Memikirkan ini membuat Fika menjadi merasa bersalah, ia merasa gagal menjadi sahabat yang baik untuk Shania. Seharusnya ia bisa membantu sahabatnya itu dalam keadaan sesulit apapun, tidak peduli dengan adanya penolakan dari Shania sendiri.
"Lo kenapa gak pergi ke tempat gua? kenapa Lo gak minta bantuan sama gua? kenapa Lo lebih milih orang yang sebenarnya asing bagi Lo dibanding sahabat Lo sendiri? Lo tahu, Lo udah buat gua berasa gagal jadi sahabat Lo. Apa sebenernya Lo gak pernah sekalipun nganggap gua itu sebagai sahabat Lo," ucap Fika dengan emosional. Ia sungguhan sedih atas semua yang dialami oleh Shania, tapi yang lebih menyedihkan lagi ia sama sekali tidak bisa berbuat apapun untuk sahabatnya itu.
Shania juga terlihat terbawa suasana, "Maafin gua. Gua bukannya gak mau minta tolong sama Lo, gua hanya takut Lo nantinya bakalan terseret ke dalam masalah gua juga. Gua bener-bener minta maaf, Fika. Gua mohon, Lo jangan berpikiran kalau gua gak pernah nganggep Lo sahabat gua. Lo itu lebih berharga dari sekedar sahabat," ujar gadis itu dengan menunduk dalam, yang artinya dirinya sangat bersalah.
Melihat Shania yang meminta maaf padanya membuat Fika menjadi berpikir, tidak seharusnya ia memarahi Shania terlepas dari apa yang sudah gadis itu alami selama ini. Dalam keadaan seperti ini, sebagai seorang sahabat seharusnya ia menemani, membantu, dan menguatkan Shania.

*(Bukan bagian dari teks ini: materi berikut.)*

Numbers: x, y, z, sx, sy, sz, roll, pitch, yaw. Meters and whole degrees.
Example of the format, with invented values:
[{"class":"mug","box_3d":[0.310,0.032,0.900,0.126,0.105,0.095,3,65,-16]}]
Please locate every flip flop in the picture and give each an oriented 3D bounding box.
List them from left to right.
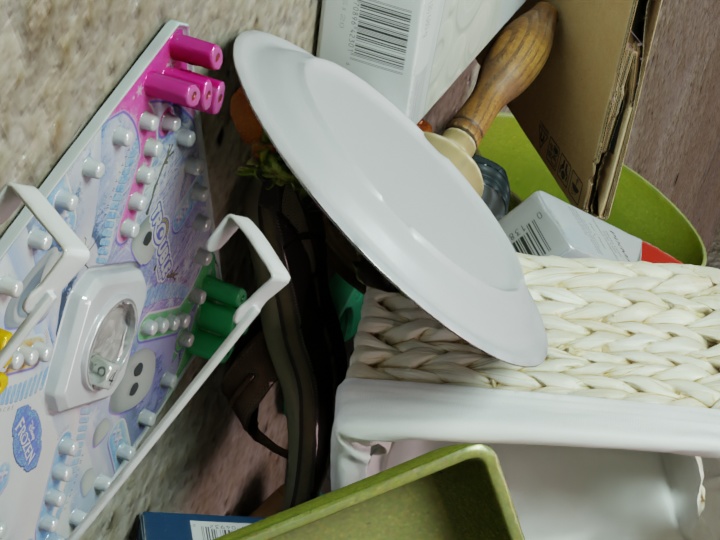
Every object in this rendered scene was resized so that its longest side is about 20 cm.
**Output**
[{"class":"flip flop","box_3d":[-0.046,0.042,0.867,0.081,0.057,0.200,-66,152,-60]}]

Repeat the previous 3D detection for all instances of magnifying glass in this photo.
[{"class":"magnifying glass","box_3d":[0.000,0.000,1.020,0.080,0.022,0.200,63,46,-73]}]

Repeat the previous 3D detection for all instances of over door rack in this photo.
[{"class":"over door rack","box_3d":[-0.103,0.074,0.588,0.200,0.067,0.148,-61,156,10]}]

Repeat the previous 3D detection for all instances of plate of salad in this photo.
[{"class":"plate of salad","box_3d":[0.009,-0.028,0.760,0.048,0.200,0.200,-43,171,16]}]

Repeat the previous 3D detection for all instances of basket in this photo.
[{"class":"basket","box_3d":[0.089,0.072,0.852,0.136,0.200,0.124,89,5,-51]}]

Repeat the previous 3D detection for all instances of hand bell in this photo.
[{"class":"hand bell","box_3d":[0.061,-0.080,0.944,0.200,0.104,0.104,-54,158,-30]}]

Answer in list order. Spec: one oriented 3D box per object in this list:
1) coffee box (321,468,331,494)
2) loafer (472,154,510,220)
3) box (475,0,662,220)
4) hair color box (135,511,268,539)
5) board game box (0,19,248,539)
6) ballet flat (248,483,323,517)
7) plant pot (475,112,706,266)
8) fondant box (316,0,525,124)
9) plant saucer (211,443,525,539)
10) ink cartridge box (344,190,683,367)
[{"class":"coffee box","box_3d":[0.014,0.179,1.111,0.080,0.113,0.200,-52,156,-47]},{"class":"loafer","box_3d":[0.044,0.021,1.059,0.072,0.073,0.200,-84,-177,-47]},{"class":"box","box_3d":[0.120,-0.153,1.017,0.200,0.021,0.164,-114,-154,-49]},{"class":"hair color box","box_3d":[-0.076,0.224,0.865,0.061,0.100,0.200,-110,-152,-60]},{"class":"board game box","box_3d":[-0.104,0.031,0.702,0.200,0.026,0.200,88,27,-52]},{"class":"ballet flat","box_3d":[-0.051,0.204,1.049,0.063,0.069,0.200,-29,142,-24]},{"class":"plant pot","box_3d":[0.110,0.023,1.184,0.200,0.187,0.187,-60,170,26]},{"class":"fondant box","box_3d":[0.046,-0.182,0.896,0.200,0.058,0.144,-52,156,-50]},{"class":"plant saucer","box_3d":[-0.010,0.180,0.794,0.048,0.200,0.200,-115,-176,-60]},{"class":"ink cartridge box","box_3d":[0.104,0.038,1.012,0.160,0.047,0.200,-40,147,22]}]
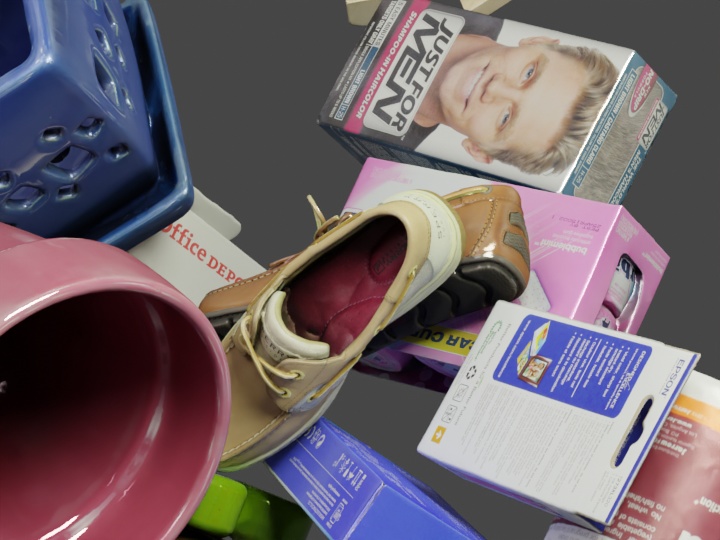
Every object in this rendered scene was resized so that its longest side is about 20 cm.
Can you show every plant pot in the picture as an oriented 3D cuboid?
[{"bbox_3d":[-0.213,-0.095,1.499,0.200,0.180,0.200,-31,47,17],"label":"plant pot"},{"bbox_3d":[-0.195,0.057,1.336,0.179,0.200,0.200,34,86,43],"label":"plant pot"}]

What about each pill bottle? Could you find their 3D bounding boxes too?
[{"bbox_3d":[0.146,0.158,1.306,0.114,0.114,0.200,18,76,41],"label":"pill bottle"}]

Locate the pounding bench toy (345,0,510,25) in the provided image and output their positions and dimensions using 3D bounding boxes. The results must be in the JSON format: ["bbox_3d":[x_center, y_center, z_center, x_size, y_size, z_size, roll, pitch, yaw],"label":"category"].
[{"bbox_3d":[0.037,-0.248,1.599,0.200,0.156,0.124,-32,50,17],"label":"pounding bench toy"}]

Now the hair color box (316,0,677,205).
[{"bbox_3d":[0.079,-0.097,1.544,0.200,0.061,0.100,19,76,41],"label":"hair color box"}]

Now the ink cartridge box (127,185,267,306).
[{"bbox_3d":[-0.161,0.032,1.595,0.125,0.129,0.200,12,70,40],"label":"ink cartridge box"}]

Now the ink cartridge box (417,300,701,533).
[{"bbox_3d":[0.105,0.074,1.301,0.095,0.037,0.200,-61,24,-7],"label":"ink cartridge box"}]

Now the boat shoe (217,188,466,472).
[{"bbox_3d":[-0.032,0.031,1.374,0.074,0.066,0.200,46,105,16],"label":"boat shoe"}]

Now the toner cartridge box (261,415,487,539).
[{"bbox_3d":[0.014,0.131,1.371,0.043,0.095,0.200,-55,15,-1],"label":"toner cartridge box"}]

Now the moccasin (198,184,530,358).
[{"bbox_3d":[-0.001,-0.001,1.441,0.201,0.074,0.078,-22,48,28],"label":"moccasin"}]

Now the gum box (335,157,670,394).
[{"bbox_3d":[0.071,0.012,1.479,0.200,0.066,0.114,13,71,40],"label":"gum box"}]

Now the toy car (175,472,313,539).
[{"bbox_3d":[-0.036,0.214,1.393,0.200,0.158,0.164,19,85,29],"label":"toy car"}]
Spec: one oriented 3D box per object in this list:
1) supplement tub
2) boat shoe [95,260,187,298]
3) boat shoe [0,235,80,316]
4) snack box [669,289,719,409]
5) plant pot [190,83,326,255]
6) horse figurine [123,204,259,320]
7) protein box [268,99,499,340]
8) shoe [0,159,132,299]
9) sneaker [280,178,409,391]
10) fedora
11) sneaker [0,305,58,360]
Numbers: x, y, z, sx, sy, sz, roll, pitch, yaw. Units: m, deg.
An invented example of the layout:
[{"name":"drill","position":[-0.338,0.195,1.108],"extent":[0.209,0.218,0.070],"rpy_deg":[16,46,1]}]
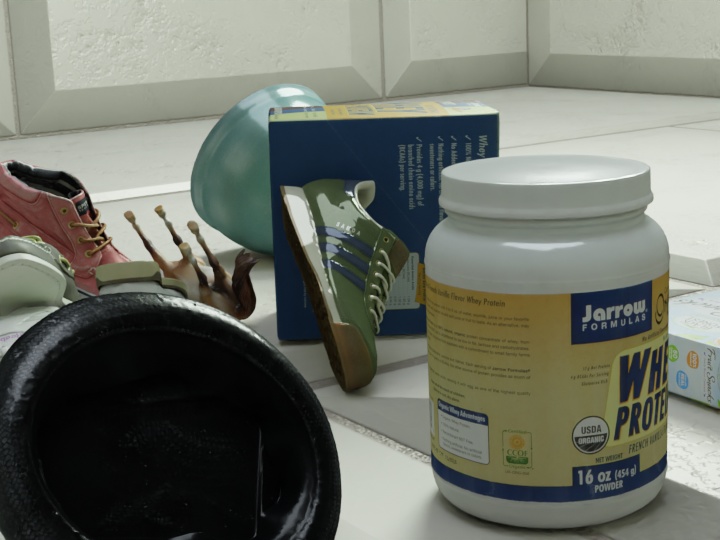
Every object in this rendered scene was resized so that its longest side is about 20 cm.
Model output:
[{"name":"supplement tub","position":[0.111,0.037,0.777],"extent":[0.144,0.200,0.144],"rpy_deg":[-3,13,1]},{"name":"boat shoe","position":[-0.190,0.040,1.126],"extent":[0.075,0.068,0.200],"rpy_deg":[-7,-8,2]},{"name":"boat shoe","position":[-0.283,0.007,1.107],"extent":[0.072,0.060,0.202],"rpy_deg":[-19,-17,-4]},{"name":"snack box","position":[0.312,0.053,1.006],"extent":[0.200,0.053,0.142],"rpy_deg":[-10,14,-30]},{"name":"plant pot","position":[-0.077,-0.095,1.496],"extent":[0.200,0.200,0.134],"rpy_deg":[-13,44,-41]},{"name":"horse figurine","position":[-0.148,0.004,1.220],"extent":[0.050,0.133,0.200],"rpy_deg":[-41,33,-19]},{"name":"protein box","position":[0.019,-0.050,1.191],"extent":[0.200,0.199,0.135],"rpy_deg":[-3,12,-3]},{"name":"shoe","position":[-0.264,-0.028,1.227],"extent":[0.200,0.091,0.071],"rpy_deg":[26,27,-3]},{"name":"sneaker","position":[0.000,0.000,1.051],"extent":[0.090,0.067,0.200],"rpy_deg":[-13,54,-11]},{"name":"fedora","position":[-0.112,0.108,0.684],"extent":[0.201,0.201,0.092],"rpy_deg":[-14,-16,-41]},{"name":"sneaker","position":[-0.286,0.066,1.010],"extent":[0.100,0.075,0.200],"rpy_deg":[8,16,44]}]
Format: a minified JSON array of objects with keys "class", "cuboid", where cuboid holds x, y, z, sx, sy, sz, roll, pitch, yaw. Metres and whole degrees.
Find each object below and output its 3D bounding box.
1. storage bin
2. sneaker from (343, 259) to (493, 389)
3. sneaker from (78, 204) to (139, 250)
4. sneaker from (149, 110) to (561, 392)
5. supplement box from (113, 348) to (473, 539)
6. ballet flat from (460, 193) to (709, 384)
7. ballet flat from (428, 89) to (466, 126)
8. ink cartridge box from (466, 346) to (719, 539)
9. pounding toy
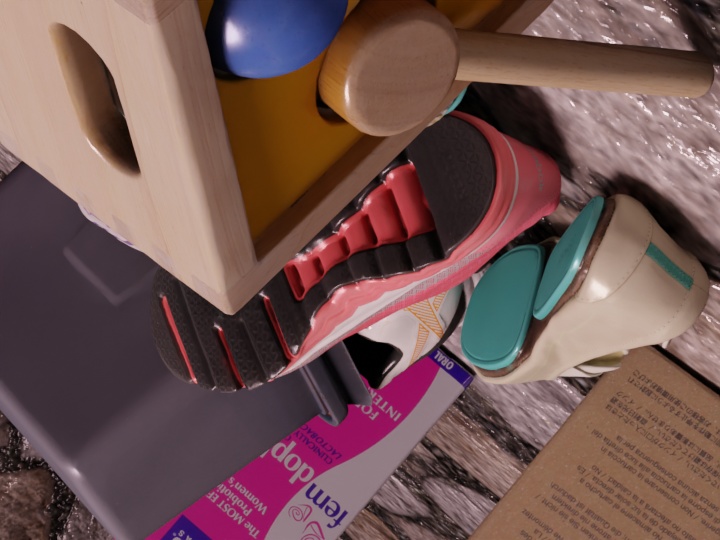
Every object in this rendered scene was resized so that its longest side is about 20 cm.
[{"class":"storage bin","cuboid":[-0.115,0.021,1.079,0.200,0.134,0.146,42,167,33]},{"class":"sneaker","cuboid":[0.014,-0.013,1.034,0.074,0.080,0.200,36,159,28]},{"class":"sneaker","cuboid":[-0.135,-0.078,0.981,0.114,0.073,0.200,30,-172,-42]},{"class":"sneaker","cuboid":[0.000,0.000,0.958,0.087,0.200,0.074,3,-114,-53]},{"class":"supplement box","cuboid":[-0.041,0.110,1.342,0.101,0.200,0.103,40,167,1]},{"class":"ballet flat","cuboid":[0.095,0.018,0.972,0.069,0.069,0.200,42,166,-3]},{"class":"ballet flat","cuboid":[-0.035,-0.096,0.925,0.072,0.072,0.200,48,163,-29]},{"class":"ink cartridge box","cuboid":[0.151,0.156,1.023,0.200,0.165,0.075,37,166,19]},{"class":"pounding toy","cuboid":[-0.004,-0.090,0.672,0.142,0.184,0.200,36,158,24]}]
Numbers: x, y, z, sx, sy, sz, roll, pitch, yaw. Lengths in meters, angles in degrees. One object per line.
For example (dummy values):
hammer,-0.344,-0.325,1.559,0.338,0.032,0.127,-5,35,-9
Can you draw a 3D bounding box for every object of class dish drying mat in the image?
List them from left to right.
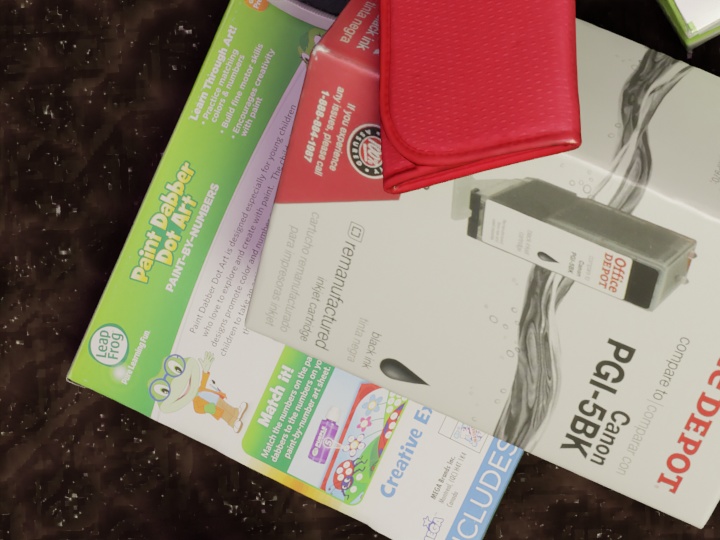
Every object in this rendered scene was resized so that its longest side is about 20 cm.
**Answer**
dish drying mat,0.035,-0.128,0.633,0.077,0.018,0.200,-13,68,33

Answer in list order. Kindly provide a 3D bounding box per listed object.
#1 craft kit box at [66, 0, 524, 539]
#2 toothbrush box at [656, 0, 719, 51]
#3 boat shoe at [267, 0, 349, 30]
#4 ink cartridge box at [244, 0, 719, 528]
craft kit box,0.000,0.000,0.815,0.197,0.049,0.200,26,99,4
toothbrush box,0.164,-0.154,0.690,0.146,0.200,0.086,-30,91,10
boat shoe,-0.037,-0.164,0.781,0.200,0.060,0.076,28,55,7
ink cartridge box,0.072,-0.011,0.707,0.200,0.083,0.147,23,132,8
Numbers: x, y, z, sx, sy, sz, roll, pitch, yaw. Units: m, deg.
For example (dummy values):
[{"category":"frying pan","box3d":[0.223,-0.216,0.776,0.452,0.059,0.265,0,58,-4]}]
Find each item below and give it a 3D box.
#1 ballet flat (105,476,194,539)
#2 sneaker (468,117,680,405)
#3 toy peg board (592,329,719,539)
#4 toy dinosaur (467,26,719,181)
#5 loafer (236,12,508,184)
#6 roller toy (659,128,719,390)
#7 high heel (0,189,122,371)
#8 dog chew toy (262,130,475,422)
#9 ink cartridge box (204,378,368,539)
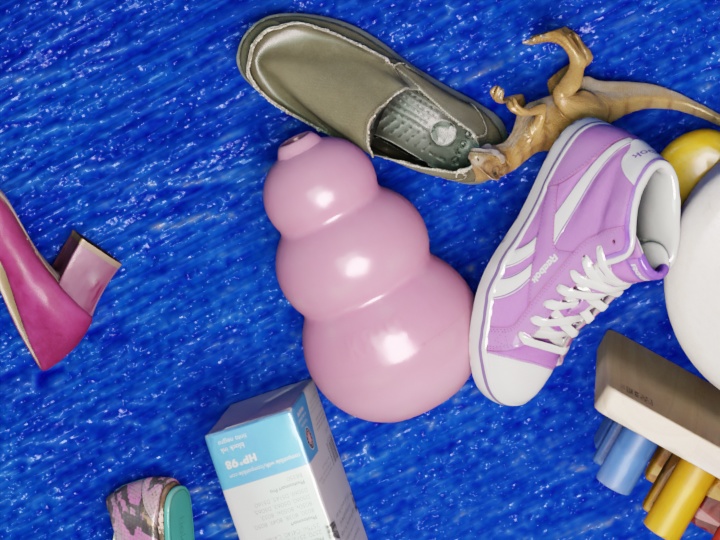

Tanpa mengungkapkan apa yang tengah ia pikirkan, Fika langsung saja menghamburkan pelukannya kepada Shania.
"Gak, Lo jangan minta maaf sama gua karena kata itu pantasnya gua yang ngucapin. Pokoknya gua minta maaf sama Lo, setelah ini gua janji akan terus bersama Lo dalam keadaan apapun. Tapi, Lo harus janji juga sama gua buat selalu terbuka dalam segala hal yang Lo alami. Kalau Lo gak ngomong apapun, gua gak akan tahu apa yang Lo rasain, karena gua itu bukan peramal yang bisa tahu tanpa perlu dikasih tahu," ucap Fika dengan hangatnya.
"Iya, gua janji."
Kesedihan mereka berdua langsung saja berubah jadi tangis bahagia. Baik Shania maupun Laras sama-sama bersyukur karena mereka berdua telah dipertemukan walaupun dalam kondisi yang sedikit ambigu seperti ini.